:: Entries shown ::
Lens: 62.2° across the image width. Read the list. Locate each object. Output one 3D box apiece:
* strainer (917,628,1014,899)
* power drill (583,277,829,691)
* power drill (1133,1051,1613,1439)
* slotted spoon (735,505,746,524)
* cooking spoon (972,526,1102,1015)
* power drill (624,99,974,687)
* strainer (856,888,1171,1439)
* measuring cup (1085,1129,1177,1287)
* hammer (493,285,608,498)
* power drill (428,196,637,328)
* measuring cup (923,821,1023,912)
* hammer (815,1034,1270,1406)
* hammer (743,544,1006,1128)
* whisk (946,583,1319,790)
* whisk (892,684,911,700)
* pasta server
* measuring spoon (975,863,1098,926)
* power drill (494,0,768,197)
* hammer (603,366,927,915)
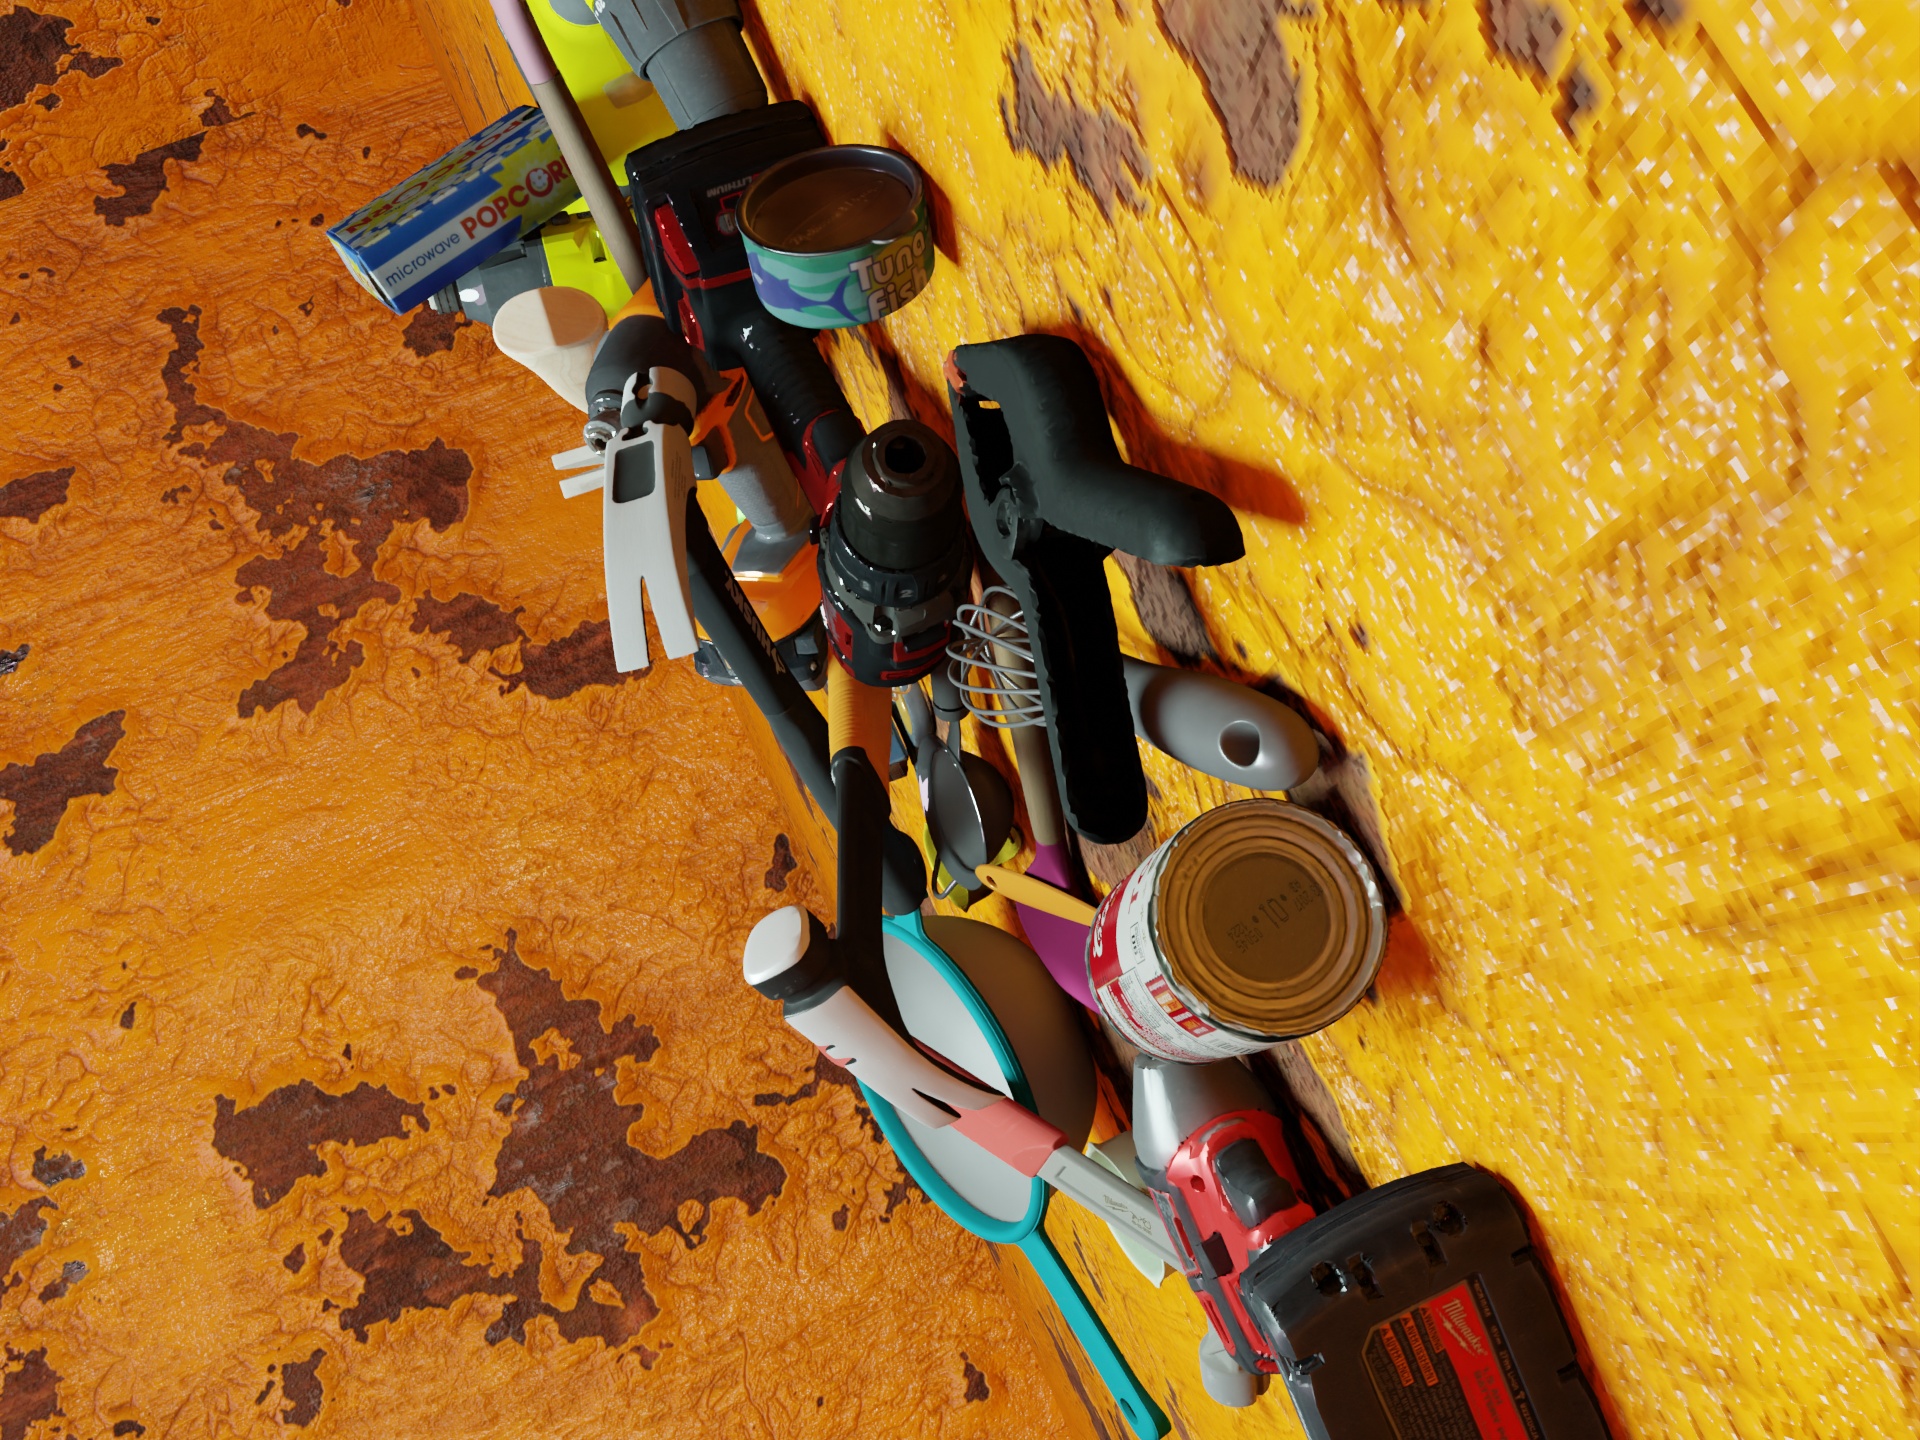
[{"bbox_3d":[-0.001,-0.003,0.800,0.258,0.050,0.087,84,158,-44],"label":"strainer"},{"bbox_3d":[-0.120,-0.122,0.822,0.226,0.084,0.164,74,-150,-41],"label":"power drill"},{"bbox_3d":[0.116,0.181,0.538,0.220,0.078,0.143,-169,56,-81],"label":"power drill"},{"bbox_3d":[-0.141,-0.173,1.105,0.314,0.031,0.070,139,117,-80],"label":"slotted spoon"},{"bbox_3d":[0.039,0.035,0.737,0.069,0.017,0.318,31,148,37],"label":"cooking spoon"},{"bbox_3d":[-0.057,-0.135,0.642,0.187,0.080,0.227,104,143,-74],"label":"power drill"},{"bbox_3d":[0.050,0.251,0.950,0.340,0.095,0.211,57,149,15],"label":"strainer"},{"bbox_3d":[0.113,0.243,0.805,0.083,0.038,0.167,64,159,8],"label":"measuring cup"},{"bbox_3d":[-0.216,-0.189,0.947,0.410,0.146,0.038,-110,2,-88],"label":"hammer"},{"bbox_3d":[-0.223,-0.280,0.925,0.223,0.171,0.080,-124,23,-59],"label":"power drill"},{"bbox_3d":[0.017,0.076,0.947,0.062,0.029,0.156,65,158,4],"label":"measuring cup"},{"bbox_3d":[0.021,0.206,0.832,0.359,0.036,0.149,19,125,52],"label":"hammer"},{"bbox_3d":[-0.040,0.020,0.717,0.127,0.034,0.337,47,-157,-33],"label":"hammer"},{"bbox_3d":[0.048,-0.009,0.527,0.239,0.055,0.055,27,140,67],"label":"whisk"},{"bbox_3d":[-0.082,-0.088,0.996,0.057,0.059,0.247,39,-166,-40],"label":"whisk"},{"bbox_3d":[-0.190,-0.275,0.752,0.060,0.040,0.315,29,155,36],"label":"pasta server"},{"bbox_3d":[0.041,0.090,0.770,0.117,0.011,0.021,15,137,52],"label":"measuring spoon"},{"bbox_3d":[-0.157,-0.330,0.743,0.190,0.080,0.228,62,168,-8],"label":"power drill"},{"bbox_3d":[-0.082,0.000,0.766,0.334,0.035,0.146,63,-163,-48],"label":"hammer"}]

:: Task brief ::
Could the entries above be written out word for word, with no pictures?

:: Solution ::
Lens: 62.2° across the image width. Read the list. Locate each object. Output one 3D box apiece:
* strainer (917,628,1014,899)
* power drill (583,277,829,691)
* power drill (1133,1051,1613,1439)
* slotted spoon (735,505,746,524)
* cooking spoon (972,526,1102,1015)
* power drill (624,99,974,687)
* strainer (856,888,1171,1439)
* measuring cup (1085,1129,1177,1287)
* hammer (493,285,608,498)
* power drill (428,196,637,328)
* measuring cup (923,821,1023,912)
* hammer (815,1034,1270,1406)
* hammer (743,544,1006,1128)
* whisk (946,583,1319,790)
* whisk (892,684,911,700)
* pasta server
* measuring spoon (975,863,1098,926)
* power drill (494,0,768,197)
* hammer (603,366,927,915)
[{"bbox_3d":[-0.001,-0.003,0.800,0.258,0.050,0.087,84,158,-44],"label":"strainer"},{"bbox_3d":[-0.120,-0.122,0.822,0.226,0.084,0.164,74,-150,-41],"label":"power drill"},{"bbox_3d":[0.116,0.181,0.538,0.220,0.078,0.143,-169,56,-81],"label":"power drill"},{"bbox_3d":[-0.141,-0.173,1.105,0.314,0.031,0.070,139,117,-80],"label":"slotted spoon"},{"bbox_3d":[0.039,0.035,0.737,0.069,0.017,0.318,31,148,37],"label":"cooking spoon"},{"bbox_3d":[-0.057,-0.135,0.642,0.187,0.080,0.227,104,143,-74],"label":"power drill"},{"bbox_3d":[0.050,0.251,0.950,0.340,0.095,0.211,57,149,15],"label":"strainer"},{"bbox_3d":[0.113,0.243,0.805,0.083,0.038,0.167,64,159,8],"label":"measuring cup"},{"bbox_3d":[-0.216,-0.189,0.947,0.410,0.146,0.038,-110,2,-88],"label":"hammer"},{"bbox_3d":[-0.223,-0.280,0.925,0.223,0.171,0.080,-124,23,-59],"label":"power drill"},{"bbox_3d":[0.017,0.076,0.947,0.062,0.029,0.156,65,158,4],"label":"measuring cup"},{"bbox_3d":[0.021,0.206,0.832,0.359,0.036,0.149,19,125,52],"label":"hammer"},{"bbox_3d":[-0.040,0.020,0.717,0.127,0.034,0.337,47,-157,-33],"label":"hammer"},{"bbox_3d":[0.048,-0.009,0.527,0.239,0.055,0.055,27,140,67],"label":"whisk"},{"bbox_3d":[-0.082,-0.088,0.996,0.057,0.059,0.247,39,-166,-40],"label":"whisk"},{"bbox_3d":[-0.190,-0.275,0.752,0.060,0.040,0.315,29,155,36],"label":"pasta server"},{"bbox_3d":[0.041,0.090,0.770,0.117,0.011,0.021,15,137,52],"label":"measuring spoon"},{"bbox_3d":[-0.157,-0.330,0.743,0.190,0.080,0.228,62,168,-8],"label":"power drill"},{"bbox_3d":[-0.082,0.000,0.766,0.334,0.035,0.146,63,-163,-48],"label":"hammer"}]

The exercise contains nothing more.